• BRIEF:
Starting with the line with "Simulink model model_URA." in the entries below and going on through the line with "3. controller gain", output every line exactly and nothing more. No pictures.

• GIVEN DATA:
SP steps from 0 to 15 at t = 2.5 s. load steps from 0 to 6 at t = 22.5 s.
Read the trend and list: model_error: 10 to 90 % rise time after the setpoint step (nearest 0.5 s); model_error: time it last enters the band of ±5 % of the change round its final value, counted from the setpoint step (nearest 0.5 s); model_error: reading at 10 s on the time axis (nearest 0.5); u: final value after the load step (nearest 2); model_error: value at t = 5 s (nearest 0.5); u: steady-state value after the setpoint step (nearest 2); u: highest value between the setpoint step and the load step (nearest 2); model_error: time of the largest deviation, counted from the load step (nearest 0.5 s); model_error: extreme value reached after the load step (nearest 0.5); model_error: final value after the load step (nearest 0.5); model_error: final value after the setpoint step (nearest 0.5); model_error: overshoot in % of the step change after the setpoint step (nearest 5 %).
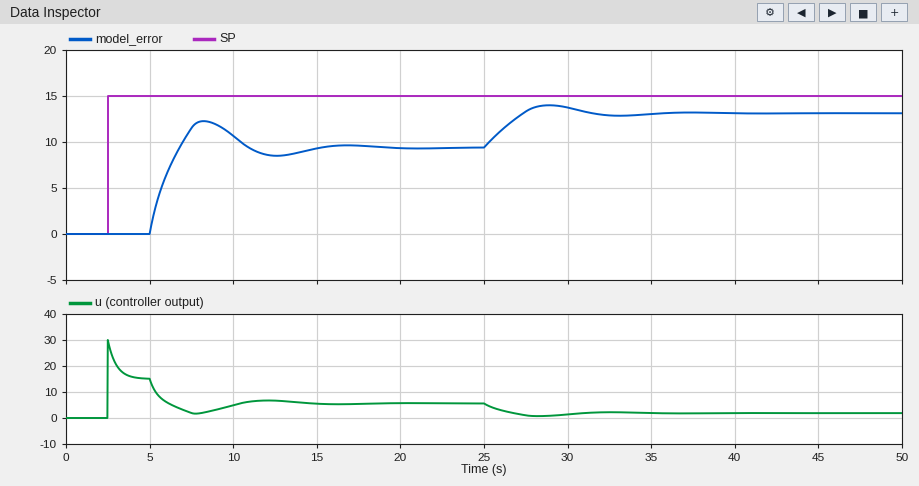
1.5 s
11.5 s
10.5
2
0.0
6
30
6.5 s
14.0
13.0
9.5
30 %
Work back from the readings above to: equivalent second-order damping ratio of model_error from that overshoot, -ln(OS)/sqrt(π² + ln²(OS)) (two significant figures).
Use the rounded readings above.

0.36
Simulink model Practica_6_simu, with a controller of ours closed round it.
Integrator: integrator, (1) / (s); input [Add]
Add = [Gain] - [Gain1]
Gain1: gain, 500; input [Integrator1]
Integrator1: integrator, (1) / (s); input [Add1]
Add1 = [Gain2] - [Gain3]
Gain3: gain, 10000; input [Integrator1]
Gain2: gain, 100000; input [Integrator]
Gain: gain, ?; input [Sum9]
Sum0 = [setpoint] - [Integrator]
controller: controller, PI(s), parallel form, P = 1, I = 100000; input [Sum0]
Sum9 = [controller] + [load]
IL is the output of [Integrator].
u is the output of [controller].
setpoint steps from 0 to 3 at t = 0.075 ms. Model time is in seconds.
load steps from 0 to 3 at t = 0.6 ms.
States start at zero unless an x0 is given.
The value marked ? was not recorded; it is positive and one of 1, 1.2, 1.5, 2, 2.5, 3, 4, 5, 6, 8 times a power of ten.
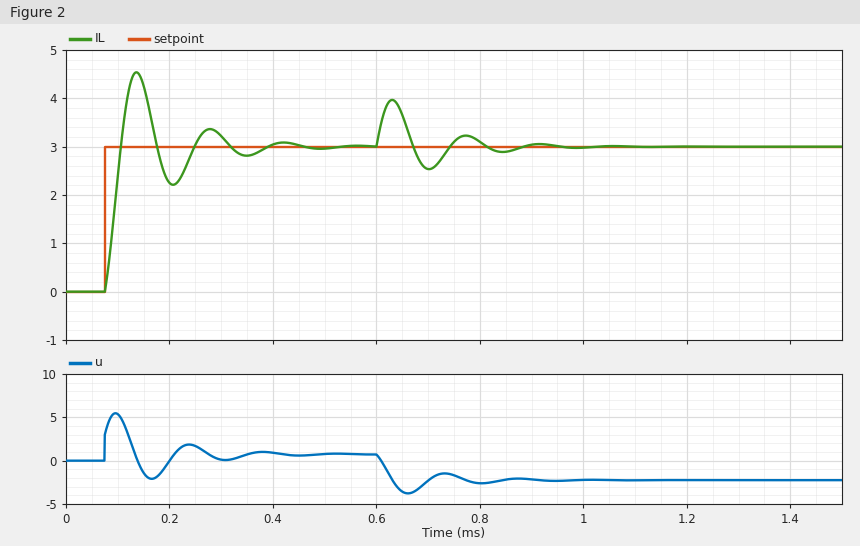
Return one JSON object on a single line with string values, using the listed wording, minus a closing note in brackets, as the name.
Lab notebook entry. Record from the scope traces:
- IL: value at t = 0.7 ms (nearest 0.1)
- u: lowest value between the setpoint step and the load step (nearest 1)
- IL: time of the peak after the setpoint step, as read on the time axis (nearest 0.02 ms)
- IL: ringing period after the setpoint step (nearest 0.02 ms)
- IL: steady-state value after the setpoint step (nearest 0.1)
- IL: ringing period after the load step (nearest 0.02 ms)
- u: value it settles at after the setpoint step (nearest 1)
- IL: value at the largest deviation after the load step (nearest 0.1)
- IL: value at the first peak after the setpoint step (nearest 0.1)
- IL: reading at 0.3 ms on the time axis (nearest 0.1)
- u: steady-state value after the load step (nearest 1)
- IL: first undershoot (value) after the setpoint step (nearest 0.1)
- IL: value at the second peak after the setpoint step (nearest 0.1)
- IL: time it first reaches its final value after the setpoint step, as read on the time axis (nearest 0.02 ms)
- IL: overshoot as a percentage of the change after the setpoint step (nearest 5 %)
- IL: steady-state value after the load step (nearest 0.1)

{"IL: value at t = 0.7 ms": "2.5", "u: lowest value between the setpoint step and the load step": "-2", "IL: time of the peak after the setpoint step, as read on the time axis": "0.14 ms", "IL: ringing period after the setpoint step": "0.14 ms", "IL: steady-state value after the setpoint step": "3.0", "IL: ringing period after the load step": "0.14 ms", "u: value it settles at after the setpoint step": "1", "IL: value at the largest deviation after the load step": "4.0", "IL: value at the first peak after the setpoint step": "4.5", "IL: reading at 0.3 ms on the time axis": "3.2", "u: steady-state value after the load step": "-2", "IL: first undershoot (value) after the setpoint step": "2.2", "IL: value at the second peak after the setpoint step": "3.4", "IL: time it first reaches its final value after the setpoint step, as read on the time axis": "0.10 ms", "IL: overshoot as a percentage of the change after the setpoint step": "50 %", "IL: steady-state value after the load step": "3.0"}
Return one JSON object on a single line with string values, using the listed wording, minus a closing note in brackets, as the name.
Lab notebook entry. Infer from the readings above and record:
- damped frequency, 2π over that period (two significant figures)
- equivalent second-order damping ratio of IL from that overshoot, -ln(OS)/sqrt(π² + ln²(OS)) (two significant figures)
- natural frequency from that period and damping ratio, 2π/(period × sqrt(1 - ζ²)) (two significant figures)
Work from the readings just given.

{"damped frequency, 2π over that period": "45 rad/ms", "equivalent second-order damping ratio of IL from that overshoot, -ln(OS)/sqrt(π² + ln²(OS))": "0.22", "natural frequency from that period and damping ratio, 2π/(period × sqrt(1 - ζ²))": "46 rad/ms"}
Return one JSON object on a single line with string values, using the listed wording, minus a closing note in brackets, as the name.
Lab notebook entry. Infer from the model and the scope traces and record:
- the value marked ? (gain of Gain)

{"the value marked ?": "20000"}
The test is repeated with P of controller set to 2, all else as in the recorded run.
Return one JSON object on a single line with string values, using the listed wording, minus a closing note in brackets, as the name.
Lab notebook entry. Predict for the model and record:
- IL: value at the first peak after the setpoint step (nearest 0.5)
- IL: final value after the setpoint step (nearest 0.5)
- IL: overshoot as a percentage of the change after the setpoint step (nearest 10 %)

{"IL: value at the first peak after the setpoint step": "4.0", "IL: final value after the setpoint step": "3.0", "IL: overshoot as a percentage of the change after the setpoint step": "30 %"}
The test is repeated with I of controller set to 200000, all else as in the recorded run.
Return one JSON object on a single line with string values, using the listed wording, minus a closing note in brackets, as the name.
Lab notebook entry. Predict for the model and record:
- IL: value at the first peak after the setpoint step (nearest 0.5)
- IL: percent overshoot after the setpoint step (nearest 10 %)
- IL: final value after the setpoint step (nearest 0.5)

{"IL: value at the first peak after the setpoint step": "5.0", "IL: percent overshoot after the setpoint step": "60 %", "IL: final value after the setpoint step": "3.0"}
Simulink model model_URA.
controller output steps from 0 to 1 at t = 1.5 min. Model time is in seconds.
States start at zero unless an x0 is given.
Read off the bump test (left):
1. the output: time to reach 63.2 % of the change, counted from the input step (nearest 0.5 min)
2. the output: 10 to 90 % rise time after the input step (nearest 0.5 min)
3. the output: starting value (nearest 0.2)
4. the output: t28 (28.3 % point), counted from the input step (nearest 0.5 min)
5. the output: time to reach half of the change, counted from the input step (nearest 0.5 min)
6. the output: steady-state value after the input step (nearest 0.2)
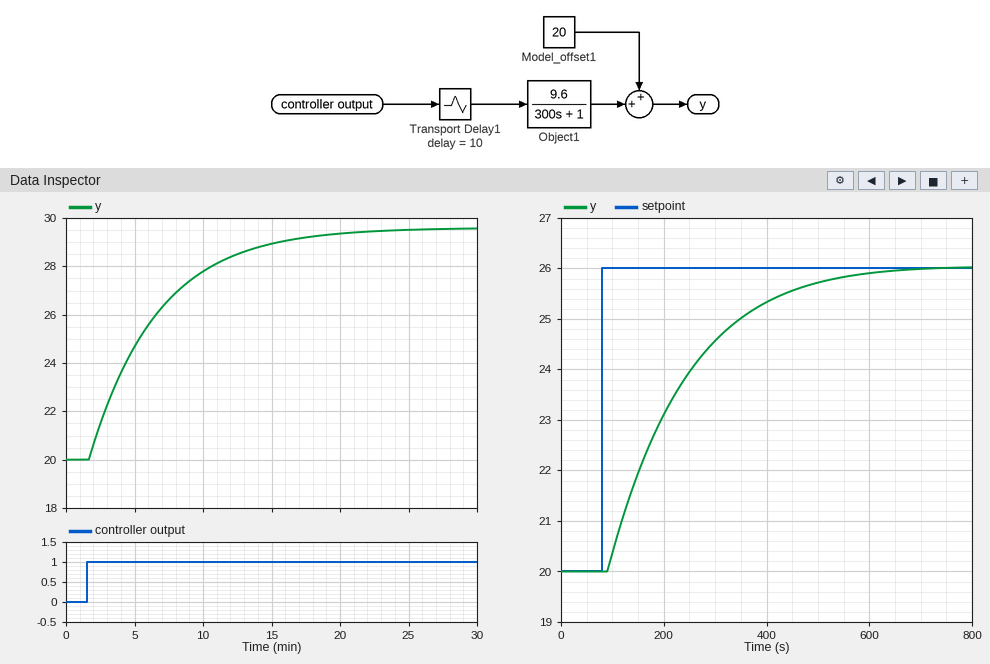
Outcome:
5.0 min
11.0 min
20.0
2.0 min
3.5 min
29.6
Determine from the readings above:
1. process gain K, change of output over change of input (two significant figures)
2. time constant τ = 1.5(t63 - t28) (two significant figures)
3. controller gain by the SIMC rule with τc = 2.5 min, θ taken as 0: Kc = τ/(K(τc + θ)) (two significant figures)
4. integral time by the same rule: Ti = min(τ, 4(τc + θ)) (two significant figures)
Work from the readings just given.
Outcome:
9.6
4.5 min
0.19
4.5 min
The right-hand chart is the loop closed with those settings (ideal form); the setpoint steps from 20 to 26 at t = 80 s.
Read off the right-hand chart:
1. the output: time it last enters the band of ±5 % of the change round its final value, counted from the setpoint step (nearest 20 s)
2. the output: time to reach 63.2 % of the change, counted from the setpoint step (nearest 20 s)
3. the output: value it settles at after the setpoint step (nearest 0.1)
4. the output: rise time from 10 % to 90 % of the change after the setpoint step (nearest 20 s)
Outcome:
--
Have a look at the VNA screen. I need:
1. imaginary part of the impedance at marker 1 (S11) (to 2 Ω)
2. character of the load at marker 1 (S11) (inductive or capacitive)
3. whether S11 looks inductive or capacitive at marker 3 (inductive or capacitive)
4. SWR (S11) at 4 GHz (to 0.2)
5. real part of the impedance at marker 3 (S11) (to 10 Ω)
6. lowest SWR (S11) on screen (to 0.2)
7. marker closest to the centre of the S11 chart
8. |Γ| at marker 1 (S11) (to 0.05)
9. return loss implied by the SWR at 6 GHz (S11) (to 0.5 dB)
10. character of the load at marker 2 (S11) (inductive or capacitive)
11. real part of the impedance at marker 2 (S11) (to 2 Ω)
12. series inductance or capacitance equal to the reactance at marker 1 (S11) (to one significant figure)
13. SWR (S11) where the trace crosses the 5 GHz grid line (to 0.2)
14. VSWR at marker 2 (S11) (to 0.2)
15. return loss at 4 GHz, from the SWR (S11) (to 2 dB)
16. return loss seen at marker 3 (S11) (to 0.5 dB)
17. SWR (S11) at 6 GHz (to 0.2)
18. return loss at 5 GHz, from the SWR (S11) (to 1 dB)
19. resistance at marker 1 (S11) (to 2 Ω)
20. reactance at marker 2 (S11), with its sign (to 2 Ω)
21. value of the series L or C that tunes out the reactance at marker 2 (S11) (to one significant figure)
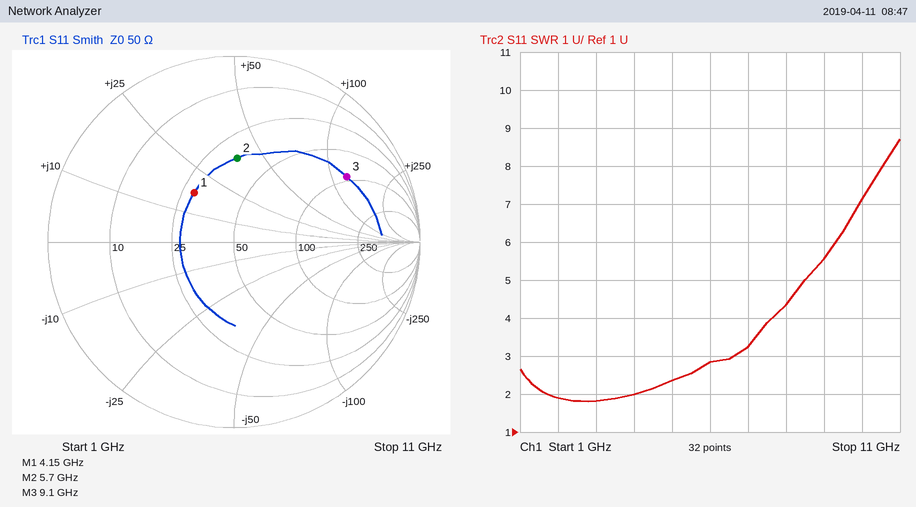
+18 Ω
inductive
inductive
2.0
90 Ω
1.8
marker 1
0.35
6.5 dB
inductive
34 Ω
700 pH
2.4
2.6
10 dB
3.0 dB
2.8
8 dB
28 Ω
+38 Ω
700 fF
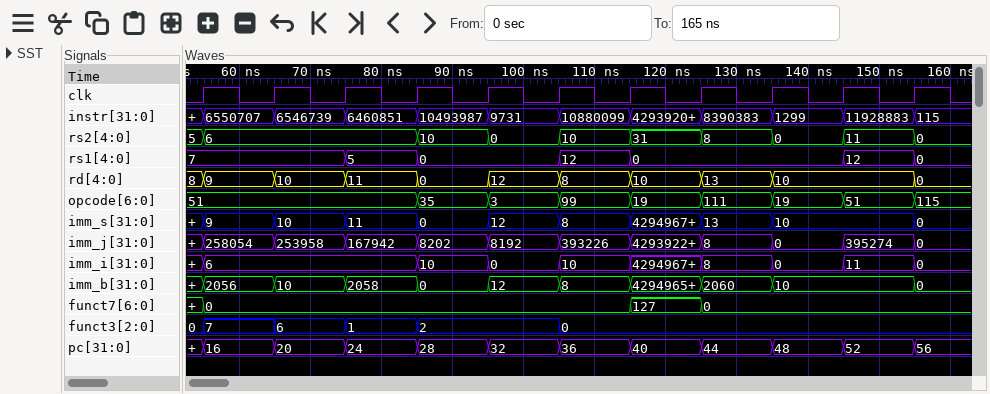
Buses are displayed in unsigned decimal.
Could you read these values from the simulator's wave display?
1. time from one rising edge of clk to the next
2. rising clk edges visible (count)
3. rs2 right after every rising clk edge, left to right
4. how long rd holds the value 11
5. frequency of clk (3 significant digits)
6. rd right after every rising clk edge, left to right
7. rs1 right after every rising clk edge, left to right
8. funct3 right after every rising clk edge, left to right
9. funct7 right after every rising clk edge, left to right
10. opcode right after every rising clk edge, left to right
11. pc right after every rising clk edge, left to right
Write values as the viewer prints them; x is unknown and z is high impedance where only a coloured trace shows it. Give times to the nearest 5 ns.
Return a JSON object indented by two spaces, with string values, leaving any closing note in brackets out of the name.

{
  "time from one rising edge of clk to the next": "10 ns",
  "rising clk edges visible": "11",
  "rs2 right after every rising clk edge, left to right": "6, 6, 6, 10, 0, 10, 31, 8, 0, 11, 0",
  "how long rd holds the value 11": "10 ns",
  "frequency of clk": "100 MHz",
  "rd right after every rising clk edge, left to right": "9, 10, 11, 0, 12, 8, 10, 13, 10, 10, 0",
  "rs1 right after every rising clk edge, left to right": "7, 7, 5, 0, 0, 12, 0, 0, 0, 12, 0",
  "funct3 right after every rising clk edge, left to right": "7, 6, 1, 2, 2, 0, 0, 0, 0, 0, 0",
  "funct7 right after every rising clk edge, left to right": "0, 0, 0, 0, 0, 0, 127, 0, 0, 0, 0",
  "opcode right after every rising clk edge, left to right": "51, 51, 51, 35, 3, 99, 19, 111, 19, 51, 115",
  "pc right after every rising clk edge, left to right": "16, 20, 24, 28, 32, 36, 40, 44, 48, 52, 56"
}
---
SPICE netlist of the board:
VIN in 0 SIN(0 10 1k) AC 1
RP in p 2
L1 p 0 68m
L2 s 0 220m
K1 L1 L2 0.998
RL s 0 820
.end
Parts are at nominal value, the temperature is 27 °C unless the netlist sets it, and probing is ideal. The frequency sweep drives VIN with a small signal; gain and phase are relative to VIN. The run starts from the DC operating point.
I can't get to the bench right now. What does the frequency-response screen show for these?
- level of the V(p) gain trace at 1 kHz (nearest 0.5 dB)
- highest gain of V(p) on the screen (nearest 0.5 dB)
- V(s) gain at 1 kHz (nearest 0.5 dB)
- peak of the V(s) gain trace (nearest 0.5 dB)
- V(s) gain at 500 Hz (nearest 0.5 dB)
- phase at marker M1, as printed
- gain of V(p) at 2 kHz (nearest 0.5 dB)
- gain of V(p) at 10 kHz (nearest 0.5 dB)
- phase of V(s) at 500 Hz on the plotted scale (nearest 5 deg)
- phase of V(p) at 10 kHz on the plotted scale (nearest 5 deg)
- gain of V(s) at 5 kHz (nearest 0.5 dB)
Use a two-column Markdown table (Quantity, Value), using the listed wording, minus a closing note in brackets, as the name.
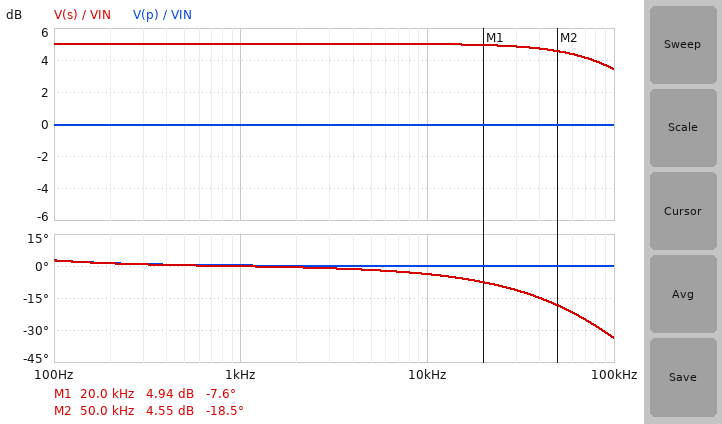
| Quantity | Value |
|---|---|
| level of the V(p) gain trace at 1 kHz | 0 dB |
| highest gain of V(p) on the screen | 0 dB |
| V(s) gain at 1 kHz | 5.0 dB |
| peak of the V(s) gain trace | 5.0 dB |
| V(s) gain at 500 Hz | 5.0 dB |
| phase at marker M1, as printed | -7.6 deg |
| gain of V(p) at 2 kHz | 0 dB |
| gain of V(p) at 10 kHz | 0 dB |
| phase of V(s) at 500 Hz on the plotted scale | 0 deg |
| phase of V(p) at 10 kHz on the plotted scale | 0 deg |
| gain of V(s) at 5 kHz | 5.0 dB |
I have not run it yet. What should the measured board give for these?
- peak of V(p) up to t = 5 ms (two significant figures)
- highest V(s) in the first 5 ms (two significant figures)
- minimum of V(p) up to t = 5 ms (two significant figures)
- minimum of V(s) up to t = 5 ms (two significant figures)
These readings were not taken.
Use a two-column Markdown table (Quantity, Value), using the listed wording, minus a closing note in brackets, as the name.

• RESULT OF THE TASK:
Simulink model model_URA.
controller output steps from 0 to 1 at t = 1.5 min. Model time is in seconds.
States start at zero unless an x0 is given.
Read off the bump test (left):
1. the output: time to reach 63.2 % of the change, counted from the input step (nearest 0.5 min)
2. the output: 10 to 90 % rise time after the input step (nearest 0.5 min)
3. the output: starting value (nearest 0.2)
4. the output: t28 (28.3 % point), counted from the input step (nearest 0.5 min)
5. the output: time to reach half of the change, counted from the input step (nearest 0.5 min)
6. the output: steady-state value after the input step (nearest 0.2)
Outcome:
5.0 min
11.0 min
20.0
2.0 min
3.5 min
29.6
Determine from the readings above:
1. process gain K, change of output over change of input (two significant figures)
2. time constant τ = 1.5(t63 - t28) (two significant figures)
3. controller gain by the SIMC rule with τc = 2.5 min, θ taken as 0: Kc = τ/(K(τc + θ)) (two significant figures)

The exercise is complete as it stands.